They are also, incidentally, incestuous.
The show takes place on Thanksgiving during a hurricane. Marty brings Leslie, his naive corn-fed fiancee to meet his family, and basically, all hell breaks loose.
The cast was modest in size, comprised of Nina Bernstein (Mrs. Pascal), Eric Charleston (Anthony), Mark Schweikert (Marty), Allison Reed (Jackie O), and Darrin Revitz (Leslie). The performances turned in by the entire cast were truly impressive.
Charleston particularly had a good night, and Reed traced such a complex emotional trail that I fear for the poor girl's post-show sanity.
It was truly refreshing to watch actors filling the skin of their characters, changing their tone and volume because it made sense to do so and not because they just thought they should simply talk loud. This was a dirty, messy, complicated show, peopled by neurotic and difficult characters. But the cast rose to the challenge, guided by the meticulous direction of Cermak.
The idea of the show is to sink the audience into the Pascal's world, to make them "the other dinner guest" as Cermak put it. Not quite theater in the round, it was as close as you can get with the audience sitting only inches from the actors on the floor of the house's attic.
It's also not a bad idea to call ahead and reserve seats. Because of the limited space, the actors were at times in shadow, sometimes looming over the audience. The cramped quarters caused some of the action and expression to be lost.

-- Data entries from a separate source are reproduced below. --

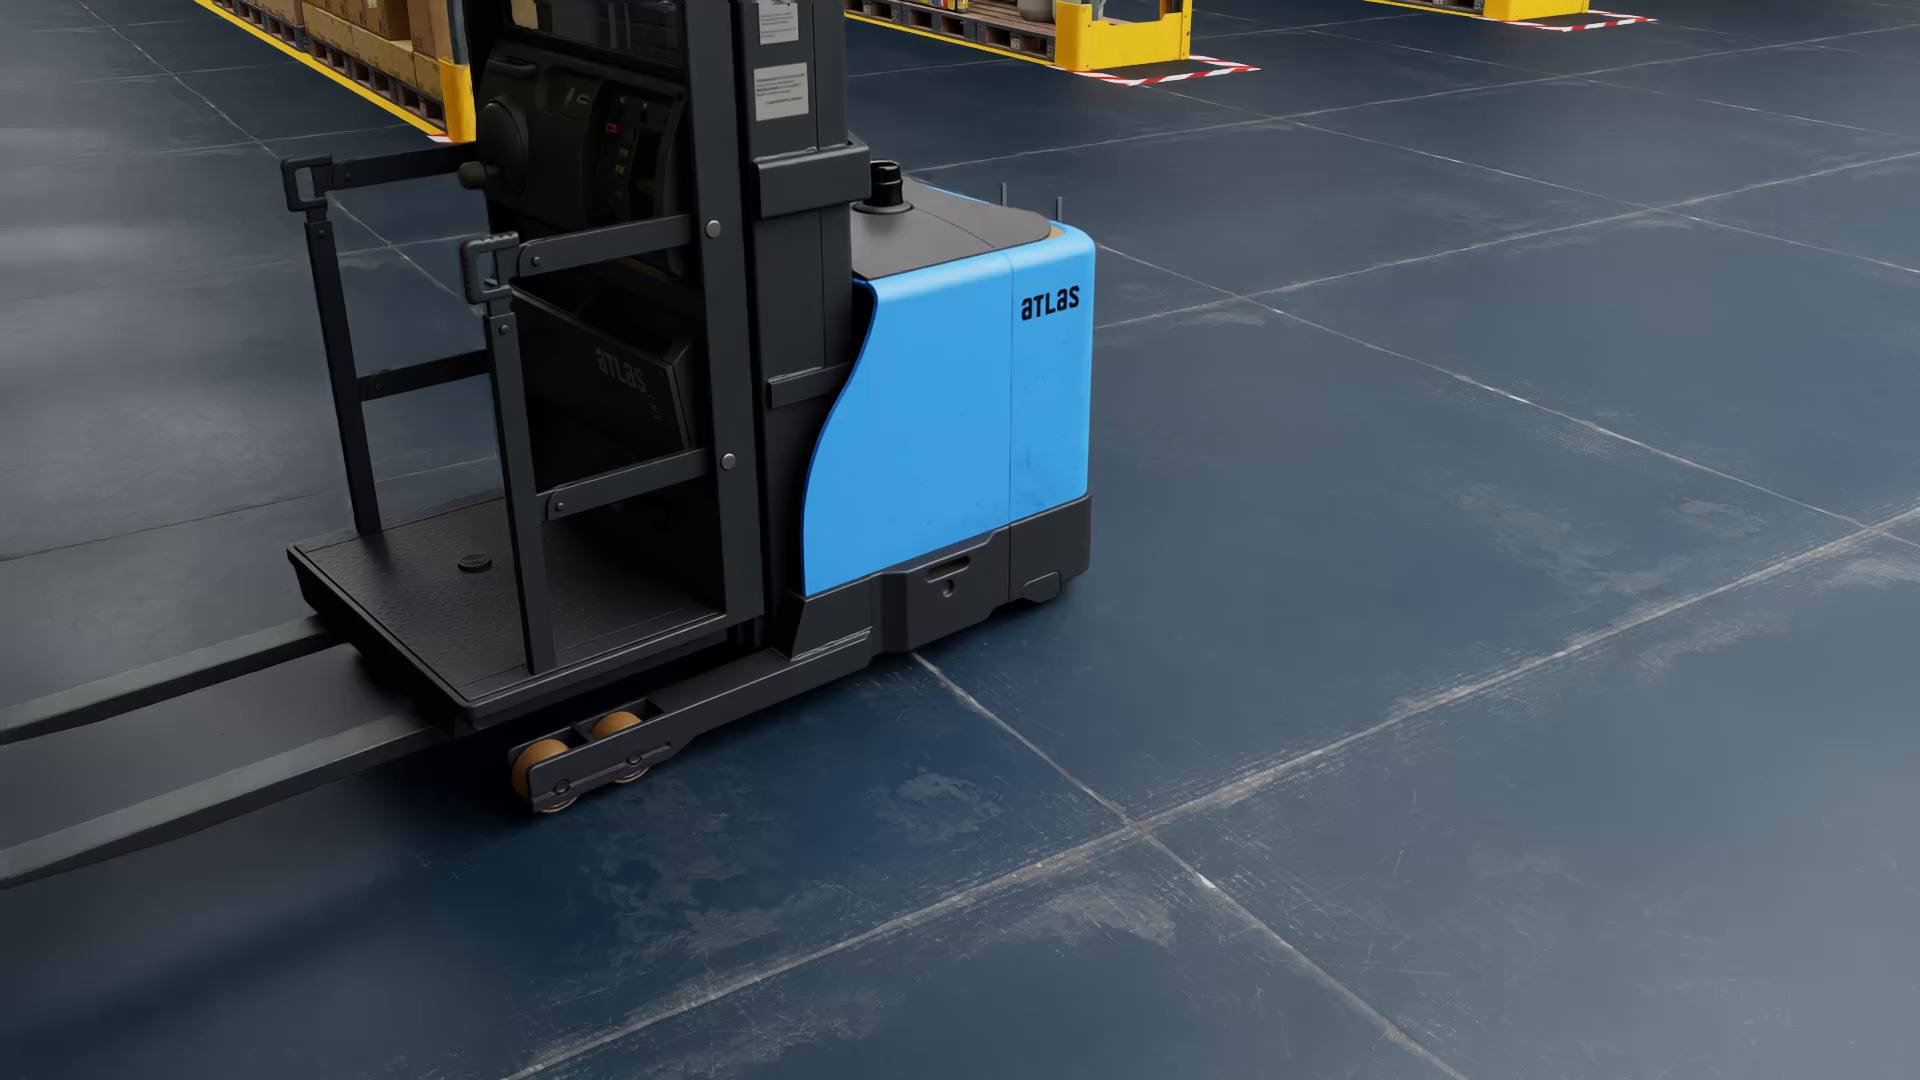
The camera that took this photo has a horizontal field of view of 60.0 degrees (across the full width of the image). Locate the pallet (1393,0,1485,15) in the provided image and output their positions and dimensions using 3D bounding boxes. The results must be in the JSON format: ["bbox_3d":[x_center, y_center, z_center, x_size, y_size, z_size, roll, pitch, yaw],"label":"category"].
[{"bbox_3d":[5.088,-5.417,16.479,1.003,0.211,1.213,-16,29,-30],"label":"pallet"}]

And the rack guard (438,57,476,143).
[{"bbox_3d":[-2.746,-2.906,10.821,1.175,0.500,0.348,-16,29,-30],"label":"rack guard"}]

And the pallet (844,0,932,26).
[{"bbox_3d":[-0.458,-5.118,15.844,1.003,0.211,1.213,-16,29,-30],"label":"pallet"}]

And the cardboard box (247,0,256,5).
[{"bbox_3d":[-6.242,-5.050,15.162,0.500,0.250,0.500,-15,29,-29],"label":"cardboard box"}]

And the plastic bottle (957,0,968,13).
[{"bbox_3d":[0.024,-4.686,14.426,0.097,0.201,0.097,0,25,0],"label":"plastic bottle"}]

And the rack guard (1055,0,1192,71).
[{"bbox_3d":[1.313,-4.084,13.316,1.175,0.500,0.348,-16,29,-30],"label":"rack guard"}]

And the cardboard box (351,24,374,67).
[{"bbox_3d":[-4.128,-3.648,12.194,0.500,0.250,0.500,-16,29,-30],"label":"cardboard box"}]

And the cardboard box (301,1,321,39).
[{"bbox_3d":[-4.943,-4.186,13.332,0.500,0.250,0.500,-16,29,-30],"label":"cardboard box"}]

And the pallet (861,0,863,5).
[{"bbox_3d":[-1.251,-5.640,16.949,1.003,0.211,1.213,-16,29,-30],"label":"pallet"}]

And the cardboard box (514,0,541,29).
[{"bbox_3d":[-3.140,-3.753,11.537,0.500,0.500,0.500,-16,29,-30],"label":"cardboard box"}]

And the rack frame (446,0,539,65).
[{"bbox_3d":[-2.759,-4.045,10.305,1.000,3.000,0.127,-16,29,-30],"label":"rack frame"}]

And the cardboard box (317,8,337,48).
[{"bbox_3d":[-4.675,-4.006,12.951,0.500,0.250,0.500,-16,29,-30],"label":"cardboard box"}]

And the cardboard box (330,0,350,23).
[{"bbox_3d":[-4.406,-4.165,12.410,0.500,0.500,0.500,-16,29,-30],"label":"cardboard box"}]

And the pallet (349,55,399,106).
[{"bbox_3d":[-3.873,-3.484,12.383,1.003,0.211,1.213,-16,29,-30],"label":"pallet"}]

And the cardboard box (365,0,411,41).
[{"bbox_3d":[-3.859,-3.808,11.652,0.500,0.500,0.500,-16,29,-30],"label":"cardboard box"}]

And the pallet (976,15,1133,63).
[{"bbox_3d":[0.874,-4.245,13.995,1.003,0.211,1.213,-16,29,-30],"label":"pallet"}]

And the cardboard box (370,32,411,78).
[{"bbox_3d":[-3.857,-3.469,11.814,0.500,0.250,0.500,-16,29,-30],"label":"cardboard box"}]

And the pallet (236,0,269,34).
[{"bbox_3d":[-6.047,-4.906,15.395,1.003,0.211,1.213,-16,29,-30],"label":"pallet"}]

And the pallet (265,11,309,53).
[{"bbox_3d":[-5.377,-4.469,14.470,1.003,0.211,1.213,-16,29,-30],"label":"pallet"}]

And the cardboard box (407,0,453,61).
[{"bbox_3d":[-3.301,-3.453,10.902,0.500,0.500,0.500,-16,29,-30],"label":"cardboard box"}]

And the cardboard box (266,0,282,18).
[{"bbox_3d":[-5.686,-4.684,14.388,0.500,0.250,0.500,-16,30,-30],"label":"cardboard box"}]

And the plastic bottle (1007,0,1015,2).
[{"bbox_3d":[0.478,-5.007,15.023,0.097,0.271,0.097,0,25,0],"label":"plastic bottle"}]

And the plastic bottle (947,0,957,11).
[{"bbox_3d":[-0.055,-4.761,14.488,0.061,0.283,0.133,-15,29,-28],"label":"plastic bottle"}]

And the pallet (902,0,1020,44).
[{"bbox_3d":[0.212,-4.681,14.919,1.003,0.211,1.213,-16,29,-30],"label":"pallet"}]

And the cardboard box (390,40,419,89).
[{"bbox_3d":[-3.582,-3.291,11.436,0.500,0.250,0.500,-16,29,-30],"label":"cardboard box"}]

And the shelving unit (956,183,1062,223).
[{"bbox_3d":[0.146,-0.558,5.203,0.215,1.050,0.252,-20,32,-36],"label":"shelving unit"}]

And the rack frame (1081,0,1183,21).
[{"bbox_3d":[1.393,-5.198,12.748,1.000,3.000,0.127,-16,29,-30],"label":"rack frame"}]

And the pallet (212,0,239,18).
[{"bbox_3d":[-6.709,-5.342,16.319,1.003,0.211,1.213,-16,29,-30],"label":"pallet"}]

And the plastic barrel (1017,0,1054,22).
[{"bbox_3d":[0.697,-4.660,14.030,0.421,0.512,0.421,0,25,0],"label":"plastic barrel"}]

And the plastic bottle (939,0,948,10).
[{"bbox_3d":[-0.091,-4.817,14.615,0.152,0.276,0.135,-15,29,-29],"label":"plastic bottle"}]

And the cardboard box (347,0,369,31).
[{"bbox_3d":[-4.131,-3.987,12.032,0.500,0.500,0.500,-16,29,-30],"label":"cardboard box"}]

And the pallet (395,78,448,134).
[{"bbox_3d":[-3.211,-3.048,11.459,1.003,0.211,1.213,-16,29,-30],"label":"pallet"}]

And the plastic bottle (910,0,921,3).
[{"bbox_3d":[-0.362,-5.025,14.968,0.144,0.351,0.185,-16,30,-30],"label":"plastic bottle"}]

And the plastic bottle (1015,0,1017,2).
[{"bbox_3d":[0.557,-4.975,14.942,0.061,0.283,0.133,-15,29,-29],"label":"plastic bottle"}]

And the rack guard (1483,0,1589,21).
[{"bbox_3d":[5.502,-5.249,15.784,1.175,0.500,0.348,-16,29,-30],"label":"rack guard"}]

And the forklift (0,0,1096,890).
[{"bbox_3d":[-1.068,-0.941,3.809,3.031,2.935,1.130,-20,32,-36],"label":"forklift"}]

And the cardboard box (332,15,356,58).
[{"bbox_3d":[-4.406,-3.826,12.569,0.500,0.250,0.500,-16,29,-30],"label":"cardboard box"}]

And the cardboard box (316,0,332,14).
[{"bbox_3d":[-4.672,-4.346,12.792,0.500,0.500,0.500,-16,29,-30],"label":"cardboard box"}]

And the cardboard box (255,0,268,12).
[{"bbox_3d":[-5.966,-4.867,14.776,0.500,0.250,0.500,-15,29,-28],"label":"cardboard box"}]

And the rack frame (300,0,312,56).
[{"bbox_3d":[-4.942,-5.476,13.336,1.000,3.000,0.127,-16,29,-30],"label":"rack frame"}]

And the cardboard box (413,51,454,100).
[{"bbox_3d":[-3.299,-3.115,11.063,0.500,0.250,0.500,-16,29,-30],"label":"cardboard box"}]

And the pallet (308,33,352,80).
[{"bbox_3d":[-4.543,-3.921,13.308,1.003,0.211,1.213,-16,29,-30],"label":"pallet"}]

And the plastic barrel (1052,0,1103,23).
[{"bbox_3d":[0.970,-4.481,13.650,0.421,0.512,0.421,0,25,0],"label":"plastic barrel"}]

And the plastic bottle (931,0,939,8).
[{"bbox_3d":[-0.167,-4.866,14.720,0.152,0.276,0.135,-16,30,-31],"label":"plastic bottle"}]

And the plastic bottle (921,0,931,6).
[{"bbox_3d":[-0.261,-4.958,14.827,0.144,0.351,0.185,-14,29,-27],"label":"plastic bottle"}]

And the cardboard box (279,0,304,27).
[{"bbox_3d":[-5.412,-4.503,14.004,0.500,0.250,0.500,-16,30,-30],"label":"cardboard box"}]

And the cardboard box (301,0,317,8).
[{"bbox_3d":[-4.952,-4.523,13.167,0.500,0.500,0.500,-16,29,-30],"label":"cardboard box"}]

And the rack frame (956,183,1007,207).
[{"bbox_3d":[0.066,-0.598,5.286,0.200,1.050,0.008,-20,32,-36],"label":"rack frame"}]

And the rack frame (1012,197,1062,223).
[{"bbox_3d":[0.226,-0.519,5.120,0.200,1.050,0.008,-20,32,-36],"label":"rack frame"}]
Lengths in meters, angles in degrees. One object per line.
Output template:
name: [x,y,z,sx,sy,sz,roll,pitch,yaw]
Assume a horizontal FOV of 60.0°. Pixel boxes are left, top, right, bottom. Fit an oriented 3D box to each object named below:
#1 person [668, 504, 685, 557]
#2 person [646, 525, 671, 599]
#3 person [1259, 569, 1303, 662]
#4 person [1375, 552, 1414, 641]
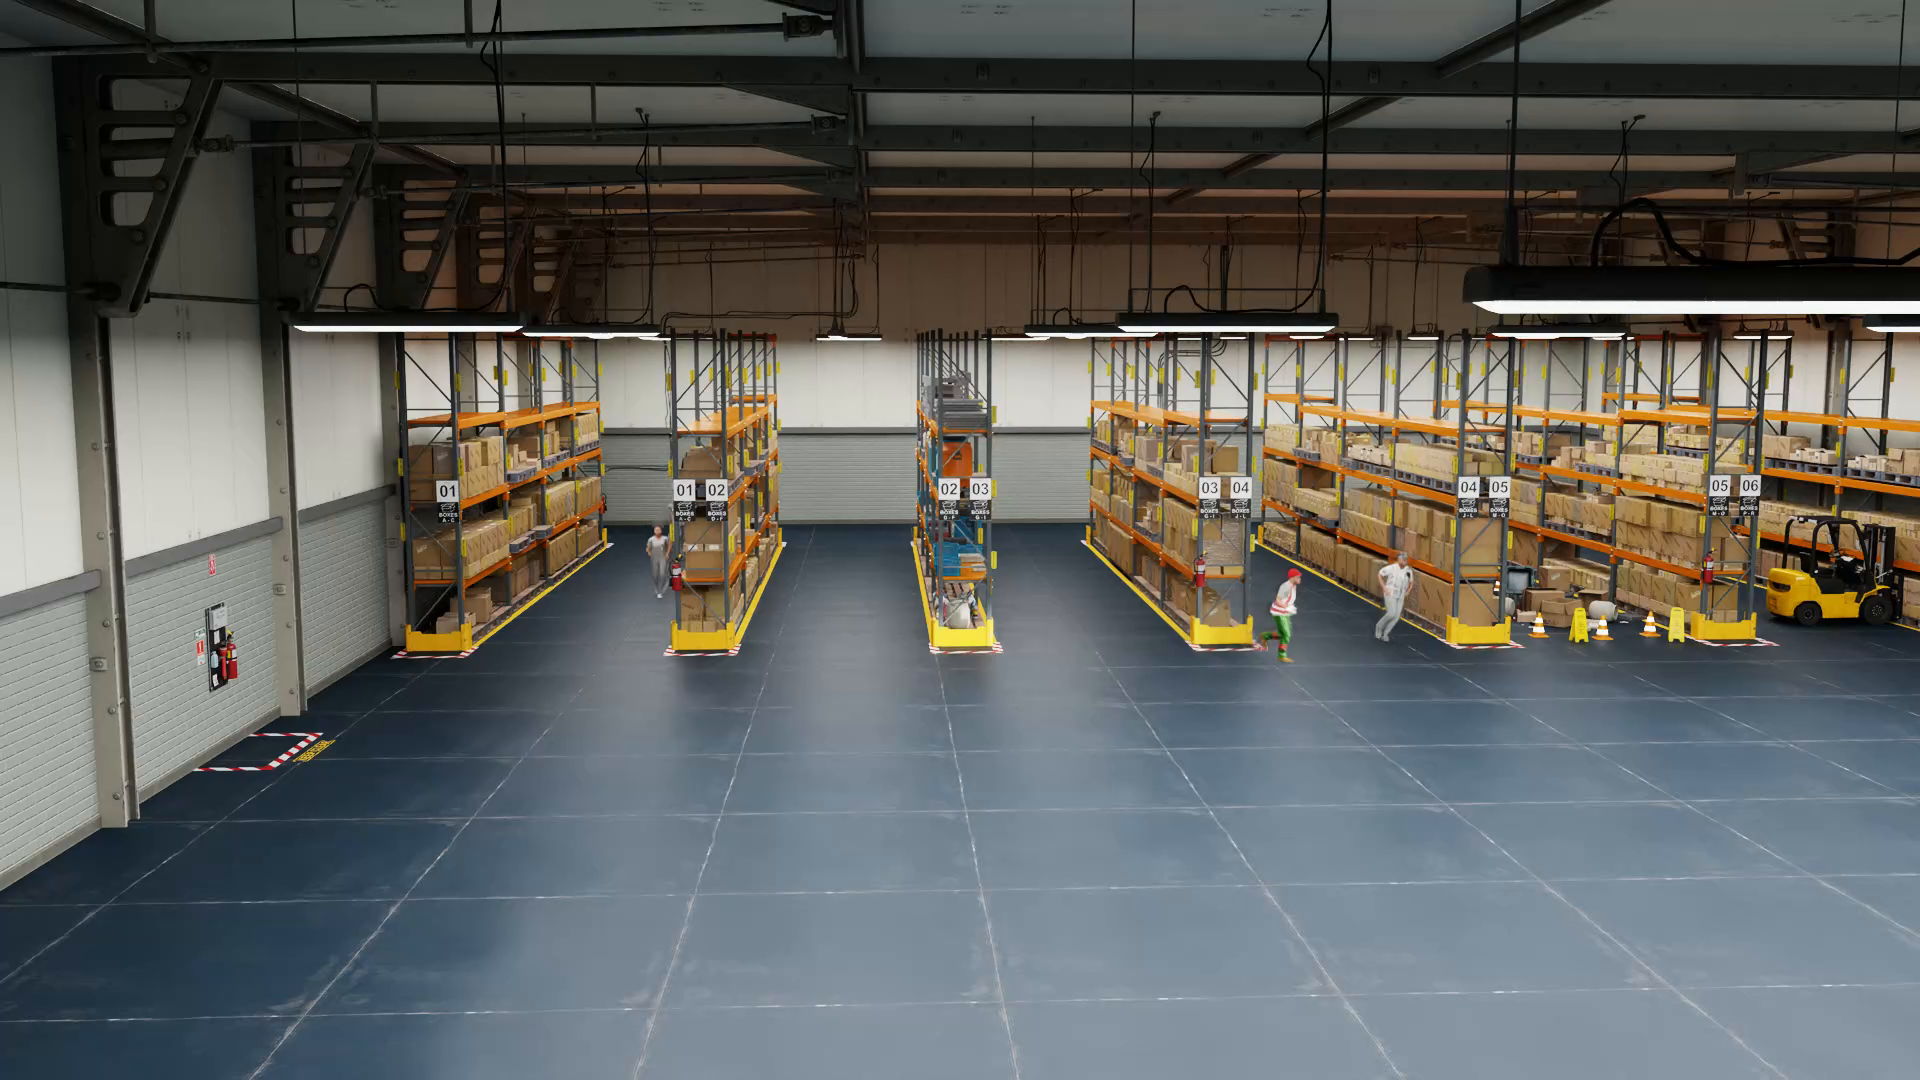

Despite the lack of appropriate space, "House of Yes" succeeds on many levels. This twisted comedy provided a fresh and fun night of theater. It was also very moving, with the audience being ushered back down the stairs in silence without a curtain call to lavish their love on the cast and people responsible for their evening's entertainment.
There are two words that spring to mind about "The House of Yes": damn good.